# [What you will do]
Output the number of lines in the material below containing "Pedal" and nothing more.

# [Data supplied]
• • • • • • •
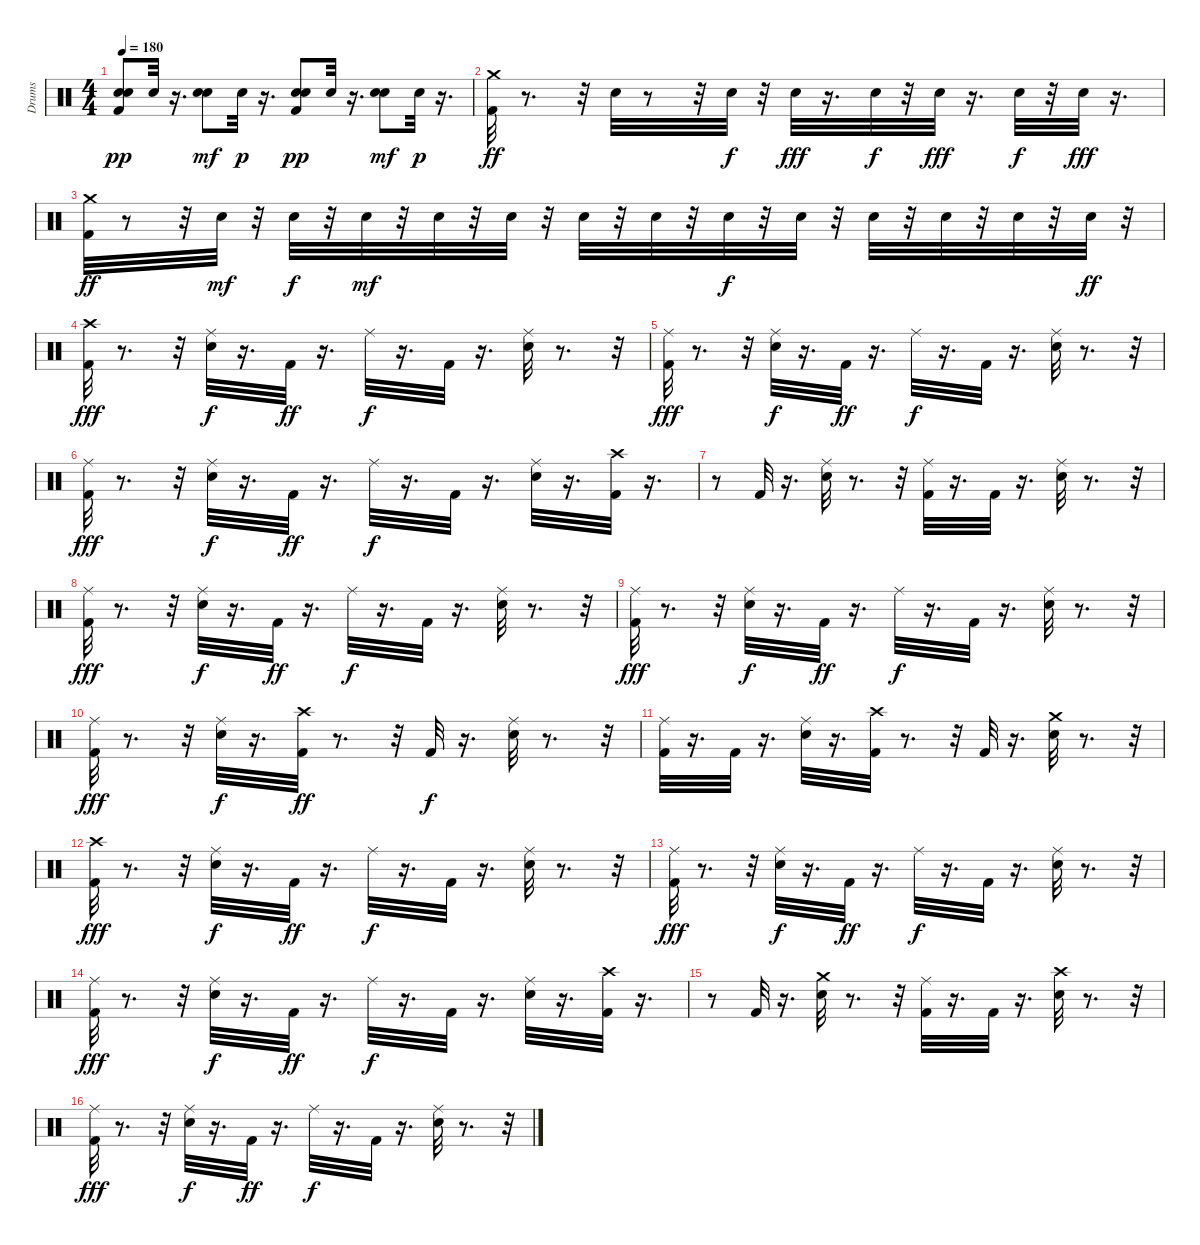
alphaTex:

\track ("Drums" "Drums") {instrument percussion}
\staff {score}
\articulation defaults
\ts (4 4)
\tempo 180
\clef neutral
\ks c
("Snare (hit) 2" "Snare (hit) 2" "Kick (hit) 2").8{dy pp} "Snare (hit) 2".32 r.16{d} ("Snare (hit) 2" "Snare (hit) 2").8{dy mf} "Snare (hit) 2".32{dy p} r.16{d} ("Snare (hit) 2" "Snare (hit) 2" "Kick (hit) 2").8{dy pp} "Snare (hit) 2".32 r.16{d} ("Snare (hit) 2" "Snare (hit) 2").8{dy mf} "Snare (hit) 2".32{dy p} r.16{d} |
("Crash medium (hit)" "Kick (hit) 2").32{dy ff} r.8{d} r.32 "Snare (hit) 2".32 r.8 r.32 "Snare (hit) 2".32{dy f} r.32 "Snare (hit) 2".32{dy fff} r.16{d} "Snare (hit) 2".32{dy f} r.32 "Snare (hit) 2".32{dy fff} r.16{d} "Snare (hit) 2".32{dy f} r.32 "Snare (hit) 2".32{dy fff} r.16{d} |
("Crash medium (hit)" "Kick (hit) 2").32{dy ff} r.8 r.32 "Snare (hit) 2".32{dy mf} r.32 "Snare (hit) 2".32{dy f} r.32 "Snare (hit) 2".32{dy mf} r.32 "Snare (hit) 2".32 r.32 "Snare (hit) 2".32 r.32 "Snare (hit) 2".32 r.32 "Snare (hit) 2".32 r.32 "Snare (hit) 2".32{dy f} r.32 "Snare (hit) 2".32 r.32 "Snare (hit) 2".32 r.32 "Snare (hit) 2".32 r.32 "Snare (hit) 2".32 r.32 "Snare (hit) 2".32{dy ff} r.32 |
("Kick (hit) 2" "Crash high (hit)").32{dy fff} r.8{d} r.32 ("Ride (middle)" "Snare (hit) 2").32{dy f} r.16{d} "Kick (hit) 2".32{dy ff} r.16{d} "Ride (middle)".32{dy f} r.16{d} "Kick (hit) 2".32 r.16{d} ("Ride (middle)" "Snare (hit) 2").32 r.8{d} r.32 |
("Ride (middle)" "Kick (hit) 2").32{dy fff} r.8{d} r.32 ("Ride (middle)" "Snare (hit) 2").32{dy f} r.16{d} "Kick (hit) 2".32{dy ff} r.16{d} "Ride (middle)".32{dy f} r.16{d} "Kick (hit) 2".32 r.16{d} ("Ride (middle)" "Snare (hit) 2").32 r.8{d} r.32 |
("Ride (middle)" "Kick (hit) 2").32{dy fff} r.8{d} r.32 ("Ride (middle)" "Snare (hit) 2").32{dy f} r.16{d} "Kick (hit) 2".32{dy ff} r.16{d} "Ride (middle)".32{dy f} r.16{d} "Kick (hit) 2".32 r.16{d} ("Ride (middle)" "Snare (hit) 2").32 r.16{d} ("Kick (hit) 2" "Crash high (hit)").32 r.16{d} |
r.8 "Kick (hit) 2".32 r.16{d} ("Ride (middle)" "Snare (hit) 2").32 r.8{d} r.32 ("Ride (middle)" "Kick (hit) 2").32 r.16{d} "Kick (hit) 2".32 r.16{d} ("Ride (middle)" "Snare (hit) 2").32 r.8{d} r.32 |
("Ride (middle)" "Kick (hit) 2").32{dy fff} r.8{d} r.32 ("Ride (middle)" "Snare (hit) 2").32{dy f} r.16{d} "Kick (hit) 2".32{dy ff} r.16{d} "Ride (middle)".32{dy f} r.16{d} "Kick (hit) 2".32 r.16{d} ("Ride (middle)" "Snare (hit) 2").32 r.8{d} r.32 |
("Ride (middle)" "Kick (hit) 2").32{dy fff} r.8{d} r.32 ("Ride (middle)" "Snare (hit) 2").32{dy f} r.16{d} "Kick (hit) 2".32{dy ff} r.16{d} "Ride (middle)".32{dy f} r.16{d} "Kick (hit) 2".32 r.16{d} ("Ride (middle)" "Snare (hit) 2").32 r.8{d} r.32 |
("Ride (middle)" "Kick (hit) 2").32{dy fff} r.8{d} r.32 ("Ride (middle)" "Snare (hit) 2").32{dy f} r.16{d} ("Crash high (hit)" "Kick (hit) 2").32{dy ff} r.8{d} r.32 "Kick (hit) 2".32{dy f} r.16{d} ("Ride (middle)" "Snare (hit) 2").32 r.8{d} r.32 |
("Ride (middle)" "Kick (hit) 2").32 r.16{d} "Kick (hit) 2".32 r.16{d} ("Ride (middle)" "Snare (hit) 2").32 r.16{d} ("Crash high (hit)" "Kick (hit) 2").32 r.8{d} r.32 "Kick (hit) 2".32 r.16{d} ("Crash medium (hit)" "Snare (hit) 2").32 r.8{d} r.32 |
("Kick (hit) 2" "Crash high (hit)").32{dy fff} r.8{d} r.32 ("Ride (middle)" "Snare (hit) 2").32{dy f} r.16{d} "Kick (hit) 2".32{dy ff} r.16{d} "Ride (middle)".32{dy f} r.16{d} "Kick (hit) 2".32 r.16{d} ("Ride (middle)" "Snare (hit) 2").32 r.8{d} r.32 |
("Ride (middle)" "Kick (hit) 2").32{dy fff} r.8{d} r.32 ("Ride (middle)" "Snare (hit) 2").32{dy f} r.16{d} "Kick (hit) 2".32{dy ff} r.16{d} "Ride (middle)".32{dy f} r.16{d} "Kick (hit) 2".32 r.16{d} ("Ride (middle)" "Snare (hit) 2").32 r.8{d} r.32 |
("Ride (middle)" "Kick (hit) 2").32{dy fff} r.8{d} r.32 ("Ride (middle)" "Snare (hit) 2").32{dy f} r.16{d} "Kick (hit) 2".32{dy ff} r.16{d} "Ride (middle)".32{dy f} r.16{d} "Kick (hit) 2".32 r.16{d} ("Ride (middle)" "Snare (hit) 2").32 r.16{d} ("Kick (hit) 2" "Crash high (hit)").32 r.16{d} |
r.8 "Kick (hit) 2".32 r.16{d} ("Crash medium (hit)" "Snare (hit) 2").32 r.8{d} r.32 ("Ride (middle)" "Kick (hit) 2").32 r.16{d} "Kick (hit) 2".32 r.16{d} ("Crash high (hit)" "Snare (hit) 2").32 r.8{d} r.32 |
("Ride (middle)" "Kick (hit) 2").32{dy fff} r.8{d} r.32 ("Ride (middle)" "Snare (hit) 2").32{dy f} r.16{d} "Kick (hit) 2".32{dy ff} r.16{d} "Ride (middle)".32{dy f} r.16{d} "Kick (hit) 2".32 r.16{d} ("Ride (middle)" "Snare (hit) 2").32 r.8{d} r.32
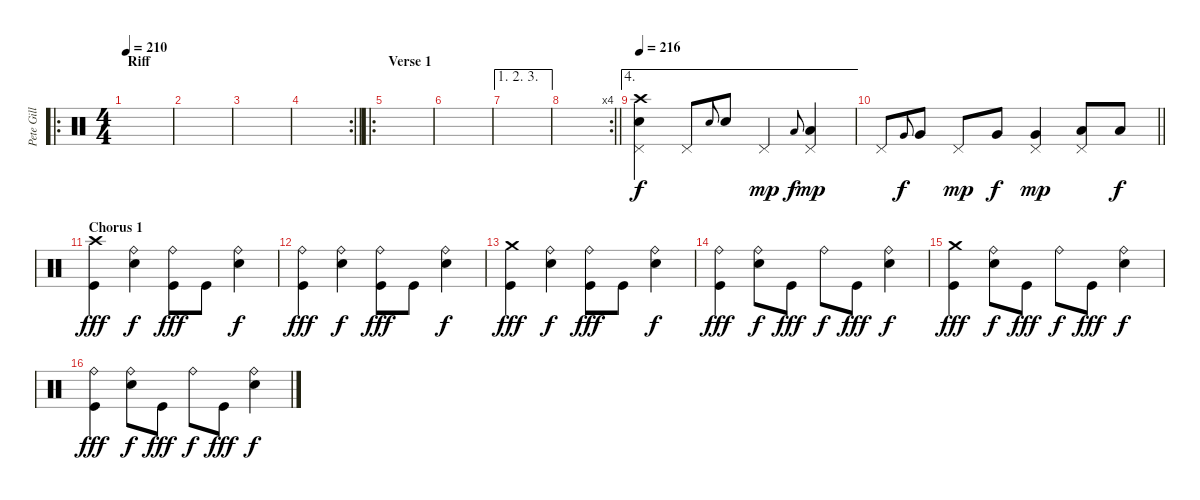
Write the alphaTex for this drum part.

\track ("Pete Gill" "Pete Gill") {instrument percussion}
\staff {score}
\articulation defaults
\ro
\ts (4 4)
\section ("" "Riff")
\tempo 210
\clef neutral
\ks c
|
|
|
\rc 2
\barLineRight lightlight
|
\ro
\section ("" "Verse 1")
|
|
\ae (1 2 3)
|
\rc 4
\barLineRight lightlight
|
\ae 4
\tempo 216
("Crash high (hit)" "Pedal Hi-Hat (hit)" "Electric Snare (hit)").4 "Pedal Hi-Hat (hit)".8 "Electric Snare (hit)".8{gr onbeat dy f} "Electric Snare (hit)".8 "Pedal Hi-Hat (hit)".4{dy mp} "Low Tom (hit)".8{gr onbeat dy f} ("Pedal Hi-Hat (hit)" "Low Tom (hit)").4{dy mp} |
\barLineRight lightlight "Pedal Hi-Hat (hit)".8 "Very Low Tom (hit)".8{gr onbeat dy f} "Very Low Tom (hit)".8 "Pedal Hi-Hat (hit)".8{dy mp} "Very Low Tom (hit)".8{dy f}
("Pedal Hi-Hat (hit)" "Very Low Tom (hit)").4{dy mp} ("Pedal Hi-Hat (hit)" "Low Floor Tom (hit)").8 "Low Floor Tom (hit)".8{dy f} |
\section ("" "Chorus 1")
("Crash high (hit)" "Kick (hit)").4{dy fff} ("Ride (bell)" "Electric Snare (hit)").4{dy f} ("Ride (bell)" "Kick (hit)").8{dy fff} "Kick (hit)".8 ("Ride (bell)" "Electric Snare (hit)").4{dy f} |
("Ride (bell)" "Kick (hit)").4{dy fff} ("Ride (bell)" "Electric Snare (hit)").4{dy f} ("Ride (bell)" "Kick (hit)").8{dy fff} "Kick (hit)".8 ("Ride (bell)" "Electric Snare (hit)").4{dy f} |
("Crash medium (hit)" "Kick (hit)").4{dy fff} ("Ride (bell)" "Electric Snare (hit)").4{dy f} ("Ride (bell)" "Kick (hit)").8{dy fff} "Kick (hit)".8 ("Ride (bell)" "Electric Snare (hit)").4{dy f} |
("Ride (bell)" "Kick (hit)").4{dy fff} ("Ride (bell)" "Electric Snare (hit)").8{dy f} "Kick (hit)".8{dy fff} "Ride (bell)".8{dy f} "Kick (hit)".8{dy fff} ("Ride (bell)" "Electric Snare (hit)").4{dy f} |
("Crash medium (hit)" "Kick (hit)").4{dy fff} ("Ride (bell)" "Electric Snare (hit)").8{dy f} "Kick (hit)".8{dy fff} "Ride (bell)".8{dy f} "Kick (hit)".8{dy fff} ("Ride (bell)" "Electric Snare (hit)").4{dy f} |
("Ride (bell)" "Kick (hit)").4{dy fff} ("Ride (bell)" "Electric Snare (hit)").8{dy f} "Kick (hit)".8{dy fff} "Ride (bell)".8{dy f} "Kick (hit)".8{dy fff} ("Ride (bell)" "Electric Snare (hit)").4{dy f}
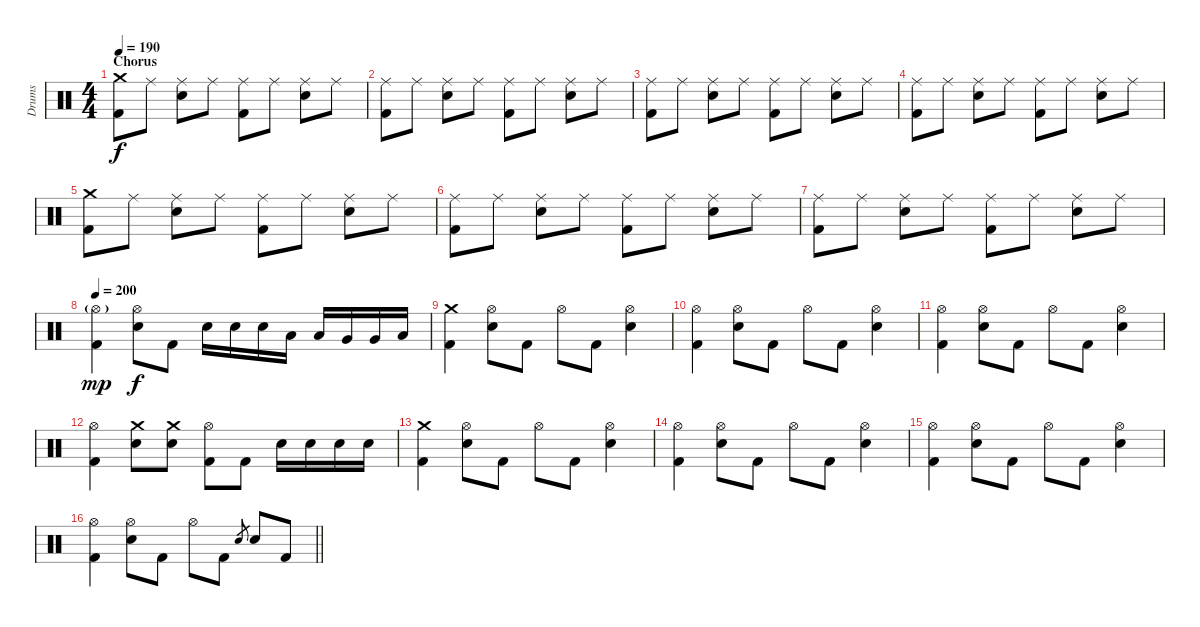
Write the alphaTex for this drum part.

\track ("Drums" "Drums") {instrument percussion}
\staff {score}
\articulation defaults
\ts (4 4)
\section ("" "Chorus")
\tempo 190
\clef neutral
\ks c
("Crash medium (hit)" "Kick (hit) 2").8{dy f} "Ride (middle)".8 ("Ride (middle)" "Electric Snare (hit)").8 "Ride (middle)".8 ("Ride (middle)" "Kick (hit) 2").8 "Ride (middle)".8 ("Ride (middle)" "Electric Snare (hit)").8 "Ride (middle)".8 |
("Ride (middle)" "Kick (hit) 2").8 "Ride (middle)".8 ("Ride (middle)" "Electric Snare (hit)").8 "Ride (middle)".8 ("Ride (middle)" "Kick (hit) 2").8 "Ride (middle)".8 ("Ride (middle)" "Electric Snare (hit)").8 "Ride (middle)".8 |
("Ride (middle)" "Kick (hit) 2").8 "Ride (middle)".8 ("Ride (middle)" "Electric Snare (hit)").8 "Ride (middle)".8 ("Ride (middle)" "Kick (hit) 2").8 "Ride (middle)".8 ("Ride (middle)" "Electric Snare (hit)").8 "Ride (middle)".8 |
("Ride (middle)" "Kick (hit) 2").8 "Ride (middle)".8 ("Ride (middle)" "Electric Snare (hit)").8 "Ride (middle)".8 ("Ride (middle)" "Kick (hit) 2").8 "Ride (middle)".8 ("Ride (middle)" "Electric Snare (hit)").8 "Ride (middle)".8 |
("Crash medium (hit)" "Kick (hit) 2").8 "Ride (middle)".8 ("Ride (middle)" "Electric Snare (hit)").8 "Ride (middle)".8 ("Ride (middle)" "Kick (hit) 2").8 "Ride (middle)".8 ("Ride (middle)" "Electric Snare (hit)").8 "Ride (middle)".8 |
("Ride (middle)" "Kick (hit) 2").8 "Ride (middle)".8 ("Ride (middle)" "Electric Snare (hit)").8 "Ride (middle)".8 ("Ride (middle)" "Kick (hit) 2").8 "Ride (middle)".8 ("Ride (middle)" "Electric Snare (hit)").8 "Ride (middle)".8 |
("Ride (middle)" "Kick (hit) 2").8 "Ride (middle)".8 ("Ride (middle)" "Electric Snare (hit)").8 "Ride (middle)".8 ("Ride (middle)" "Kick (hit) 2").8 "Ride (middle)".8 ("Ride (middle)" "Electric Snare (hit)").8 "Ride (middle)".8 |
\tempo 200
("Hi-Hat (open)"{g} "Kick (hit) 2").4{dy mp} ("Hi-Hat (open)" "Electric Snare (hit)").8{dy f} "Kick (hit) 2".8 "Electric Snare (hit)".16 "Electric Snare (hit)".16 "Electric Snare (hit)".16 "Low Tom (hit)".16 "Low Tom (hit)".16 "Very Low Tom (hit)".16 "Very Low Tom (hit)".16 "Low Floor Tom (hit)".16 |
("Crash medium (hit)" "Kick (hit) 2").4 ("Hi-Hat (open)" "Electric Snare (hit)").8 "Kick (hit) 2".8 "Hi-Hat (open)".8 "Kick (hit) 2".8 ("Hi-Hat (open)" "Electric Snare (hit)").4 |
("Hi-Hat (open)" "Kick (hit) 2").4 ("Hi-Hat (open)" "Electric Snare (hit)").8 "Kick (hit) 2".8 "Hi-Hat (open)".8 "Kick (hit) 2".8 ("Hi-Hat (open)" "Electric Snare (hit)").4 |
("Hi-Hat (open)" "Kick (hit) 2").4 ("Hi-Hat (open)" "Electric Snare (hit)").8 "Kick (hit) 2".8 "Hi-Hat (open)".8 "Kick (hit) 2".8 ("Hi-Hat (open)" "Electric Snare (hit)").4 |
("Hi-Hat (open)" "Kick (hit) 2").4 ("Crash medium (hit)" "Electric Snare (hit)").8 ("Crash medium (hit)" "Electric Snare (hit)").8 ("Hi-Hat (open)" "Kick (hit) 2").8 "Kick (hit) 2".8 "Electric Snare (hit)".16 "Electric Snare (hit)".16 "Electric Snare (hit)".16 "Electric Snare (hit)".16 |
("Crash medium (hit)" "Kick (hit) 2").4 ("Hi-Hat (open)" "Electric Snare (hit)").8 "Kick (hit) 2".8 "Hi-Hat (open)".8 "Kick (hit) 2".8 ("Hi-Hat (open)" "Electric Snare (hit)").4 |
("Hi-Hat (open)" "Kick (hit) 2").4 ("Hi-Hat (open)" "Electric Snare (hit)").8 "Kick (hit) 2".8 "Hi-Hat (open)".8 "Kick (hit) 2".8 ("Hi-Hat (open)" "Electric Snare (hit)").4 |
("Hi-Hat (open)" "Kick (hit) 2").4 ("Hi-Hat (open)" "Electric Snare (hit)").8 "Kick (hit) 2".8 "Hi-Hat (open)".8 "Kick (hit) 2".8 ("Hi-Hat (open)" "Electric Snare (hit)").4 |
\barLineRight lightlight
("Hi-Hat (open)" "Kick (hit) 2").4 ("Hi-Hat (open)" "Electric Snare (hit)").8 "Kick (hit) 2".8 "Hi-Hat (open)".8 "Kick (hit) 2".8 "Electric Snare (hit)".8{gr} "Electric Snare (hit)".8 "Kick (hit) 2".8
• • • • • • •
# [Answer to this task]
3